Work instructions. Starting at the top line, print the entries below exactly as they are and skip every picture.

Working data.
· · · · · · ·

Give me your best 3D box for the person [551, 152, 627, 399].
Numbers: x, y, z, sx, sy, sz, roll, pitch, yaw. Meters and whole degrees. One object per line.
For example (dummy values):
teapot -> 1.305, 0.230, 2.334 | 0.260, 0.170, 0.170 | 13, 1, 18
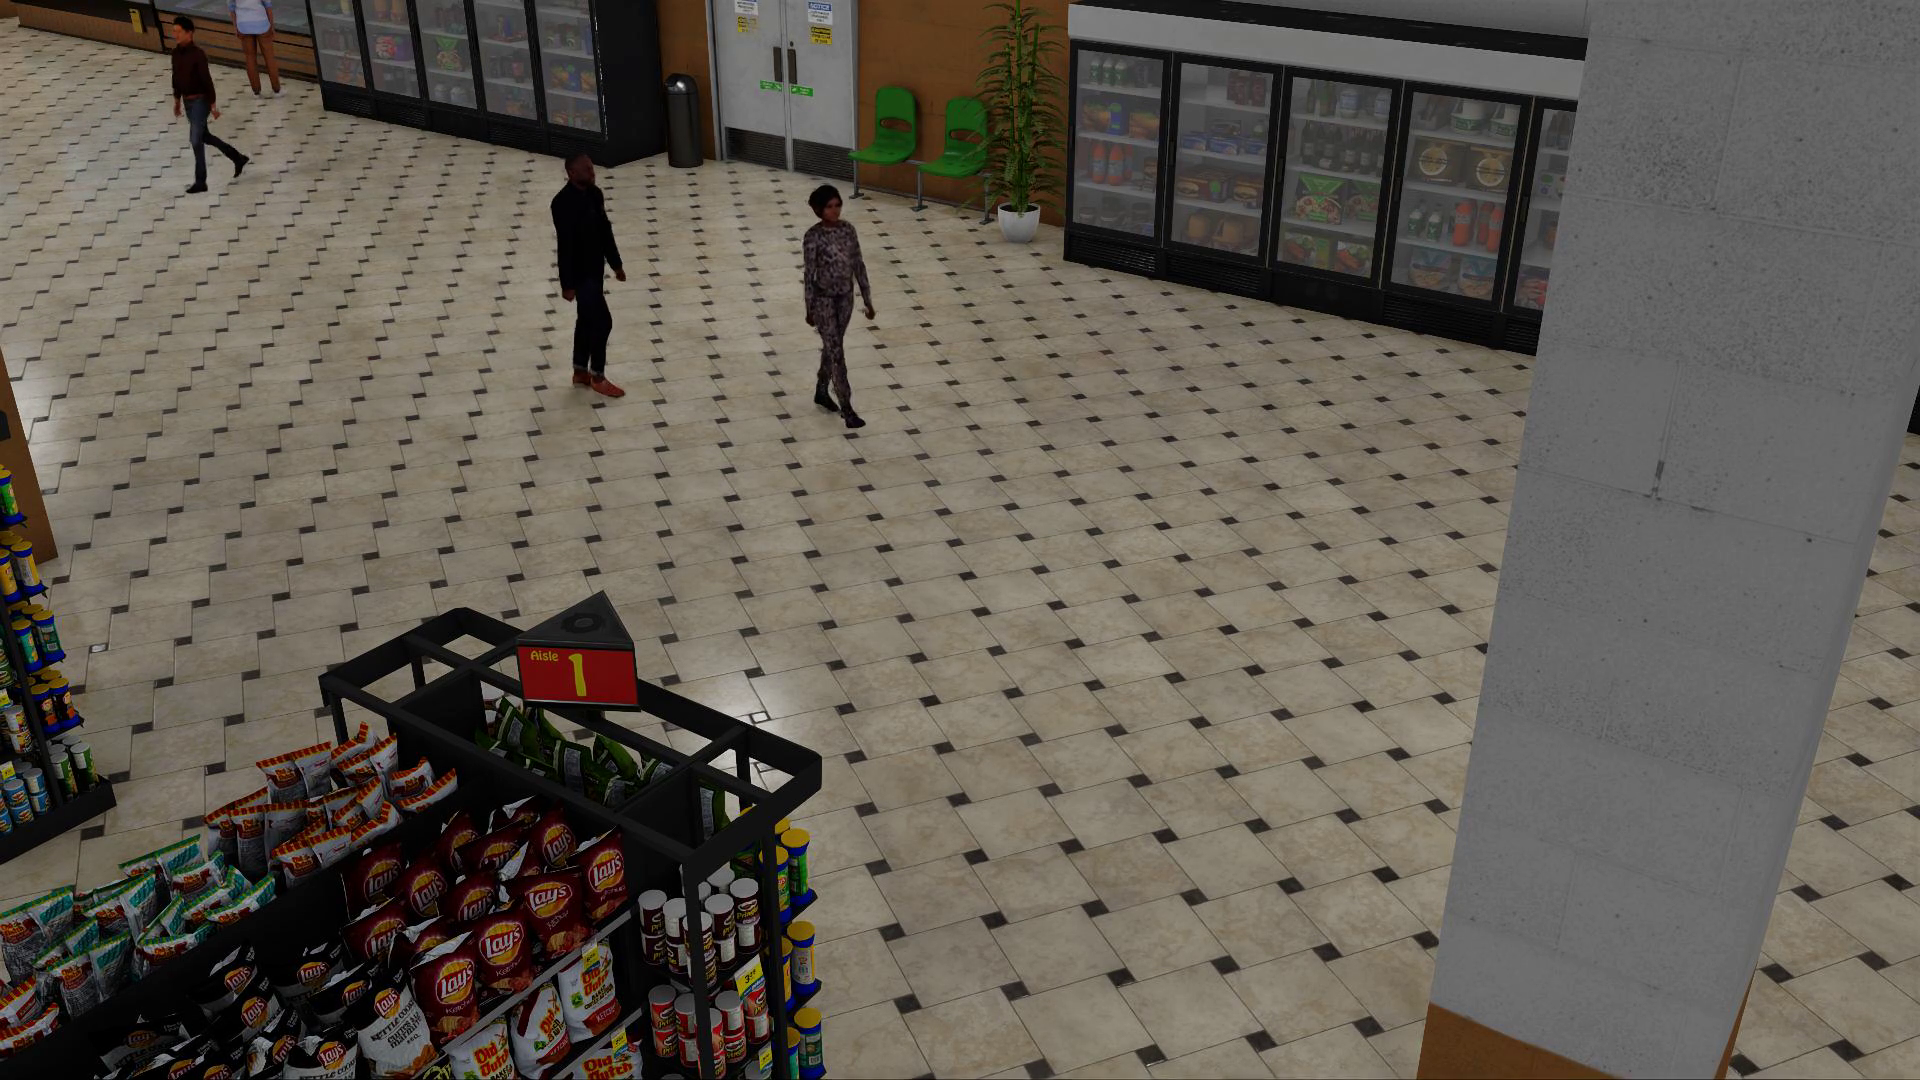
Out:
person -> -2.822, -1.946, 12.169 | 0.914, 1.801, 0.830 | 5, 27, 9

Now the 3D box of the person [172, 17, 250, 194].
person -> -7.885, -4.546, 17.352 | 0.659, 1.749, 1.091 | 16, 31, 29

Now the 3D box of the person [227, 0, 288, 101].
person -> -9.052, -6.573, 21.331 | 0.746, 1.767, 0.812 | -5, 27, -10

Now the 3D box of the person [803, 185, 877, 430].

· · · · · · ·

Answer to this exercise.
Give me your best 3D box for the person [551, 152, 627, 399].
Numbers: x, y, z, sx, sy, sz, roll, pitch, yaw. Meters and whole degrees. One object per line.
For example (dummy values):
teapot -> 1.305, 0.230, 2.334 | 0.260, 0.170, 0.170 | 13, 1, 18
Out:
person -> -2.822, -1.946, 12.169 | 0.914, 1.801, 0.830 | 5, 27, 9

Now the 3D box of the person [172, 17, 250, 194].
person -> -7.885, -4.546, 17.352 | 0.659, 1.749, 1.091 | 16, 31, 29

Now the 3D box of the person [227, 0, 288, 101].
person -> -9.052, -6.573, 21.331 | 0.746, 1.767, 0.812 | -5, 27, -10

Now the 3D box of the person [803, 185, 877, 430].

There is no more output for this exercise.